Il se trouve que ces constats se font leur place dans des conceptions qui me sont naturelles, notamment sur la faiblesse de l’être humain plus que sur sa responsabilité fondamentale, et que cette responsabilité fondamentale concerne plutôt des forces extrêmement puissantes, que j’identifie au concept général de matière lorsqu’il est question du “Mal absolu”. Il se trouve également qu’un lecteur devenu un ami très cher me signala, et j’en fis grand usage après l’en avoir remercié, que ces conceptions rejoignaient notamment celles du métaphysicien Plotin, maître de l’école néo-platonicienne. La référence, et quelques-unes des observations vertigineuses de profondeur de Plotin, m’engagent naturellement à me référer à la métaphysique, c’est-à-dire à une hauteur où l’on trouve l’intuition haute. Je n’ai rien trouvé, dans l’action des sapiens et de leur raison, que je crois avec une conviction totale manipulée et subvertie par la matière, ni dans l’exploration du passé à cet égard, ni dans le constat du déchaînement actuel, quoi que ce soit qui me décourageât dans cette tentative et, au contraire, toutes les raisons du monde pour m’engager à poursuivre.

Pour toutes ces raisons qui diminuent aussi bien les responsabilités que les prétentions des sapiens, je suis conduit évidemment à rejeter une représentation de l’univers qui serait d’abord dépendante de la perception qu’en a le cerveau de sapiens. Je pense que rien ne m’interdit d’avoir cette position, et je crois que toute l’histoire de l’ambition du susdit sapiens au moins dans les trois à cinq derniers siècles, la façon dont sa vanité l’a poussé dans les pièges les plus grossiers, me fait un devoir d’explorer effectivement dans cette voie qui repousse le diktat de la supériorité de la raison humaine. Ce n’est nullement réduire cette raison, l’attaquer, la mettre en cause, etc., c’est lui assigner sa vraie place, là où elle est utile, là où elle est glorieuse, dans une situation où elle retrouverait sa lucidité pour accepter ses limites et exercer son talent magnifique dans le respect loyal et sans compromis de ces mêmes limites. Il y a longtemps, pour notre malheur général dont nous goûtons aujourd’hui les fruits d’une épouvantable et catastrophique amertume, que la raison a cédé au vertige de la tentation, aux sirènes de sa vanité, pour se croire maîtresse du monde alors qu’elle ne faisait que capituler sous l’empire de la matière, en acceptant le contrat faustien qui la tient depuis prisonnière de cette force puissante que je nomme “déchaînement de la matière”, que je considère effectivement comme “la source de tous les maux”, – effectivement et en l’occurrence, le Mal absolu.

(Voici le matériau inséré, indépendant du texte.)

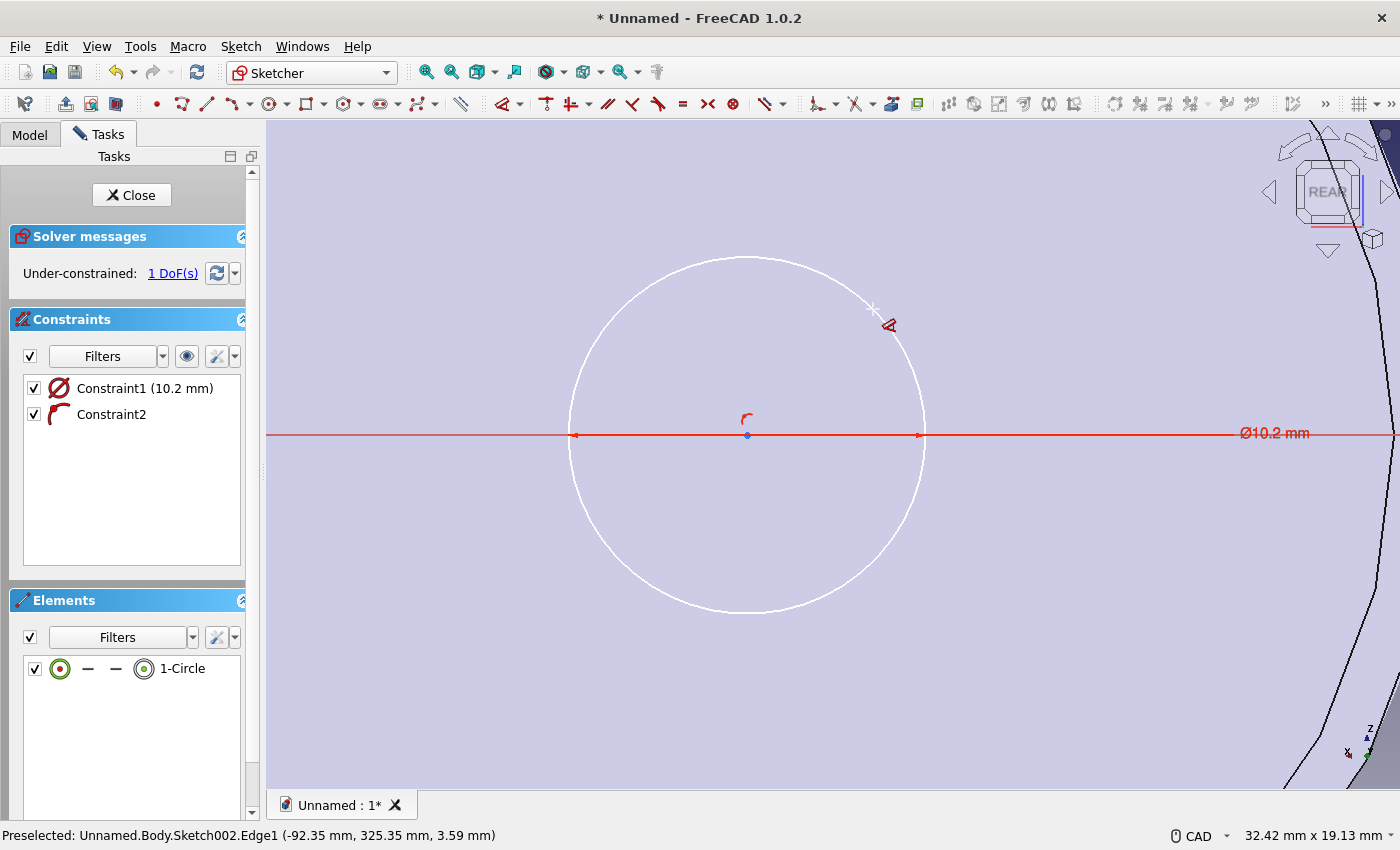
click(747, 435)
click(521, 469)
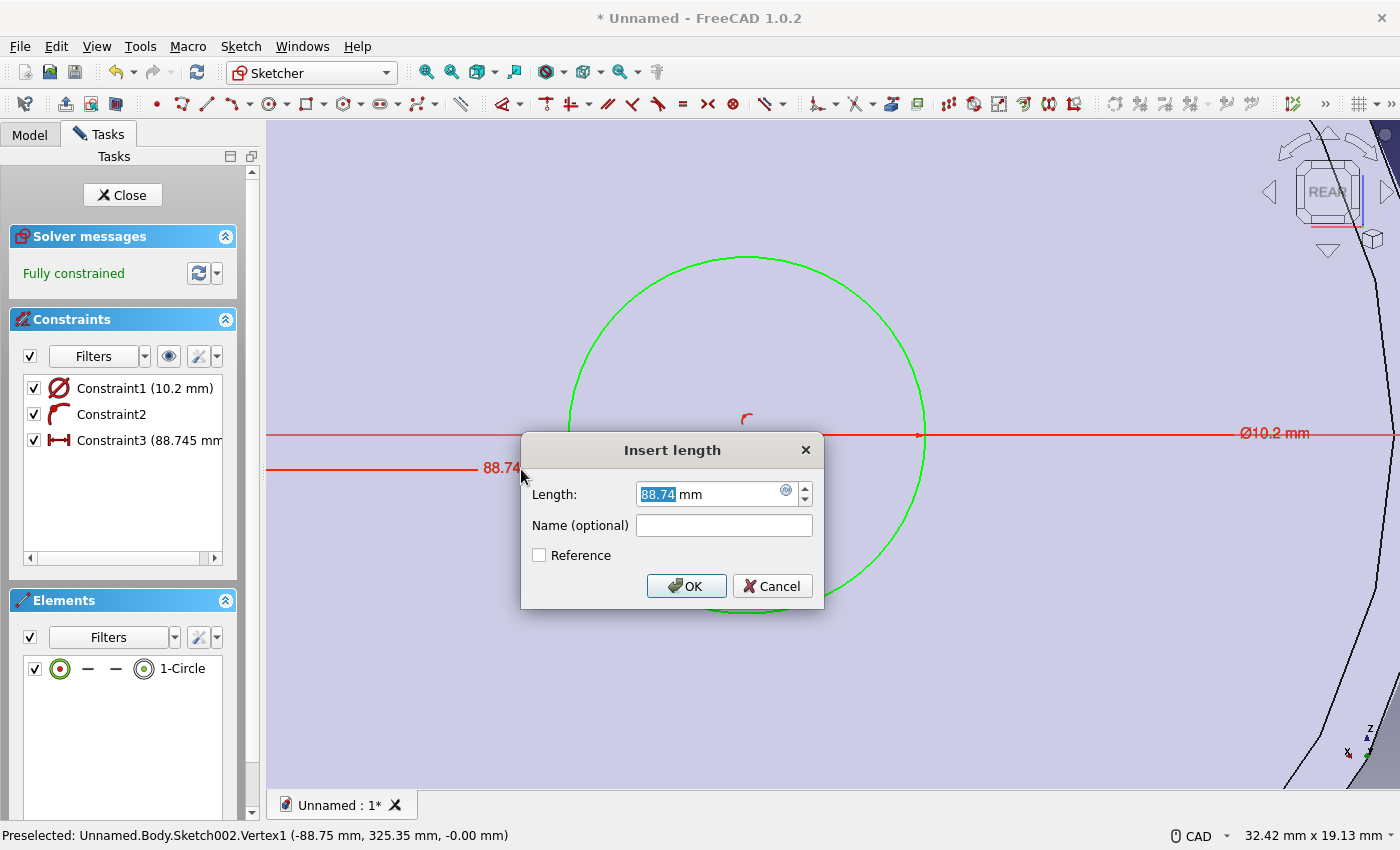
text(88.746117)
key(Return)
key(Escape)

C’est cette situation qui entretient l’angoisse qui nous habite et l’angoisse du monde telle que je l’ai décrite. En faisant la connexion entre les deux, nous découvrons l’imposture de la situation présente à laquelle notre raison subvertie s’est laissée prendre, et nous trouvons l’énergie de tenter de la dépasser en explorant une pensée haute, grâce à l’intuition haute enfin retrouvée, pour nous sortir de la prison de la crise du monde et pouvoir ainsi la contempler et la mesurer, en dehors d’elle et au dessus d’elle. Notez également, et ceci n’est pas indifférent, qu’“en faisant [cette] connexion entre les deux”, nous brisons une autre prison que nous impose le “Système-en-soi”, qui est la carapace de l’individualisme qui nous emprisonne dans notre angoisse. Il s’agit d’une libération vers la conscience collective que nourrira l’intuition haute, qui nous permettra de maîtriser psychologiquement la compréhension de la crise du monde, d’identifier pour être quitte de ce qu’elle a de si bas la cause et la facture mortifère de l’angoisse du monde. Sans cela, nous sommes emportés par la tempête du monde et les illusions, suscitées par elle, que nous entretenons à son égard. Sans cela, nous sommes perdus, dans le sens où nous ne sommes même pas prêts à accueillir et à comprendre les circonstances radicalement nouvelles qui naîtront évidemment de l’effondrement inéluctable de cette infamie qu’est le “Système-en-soi”.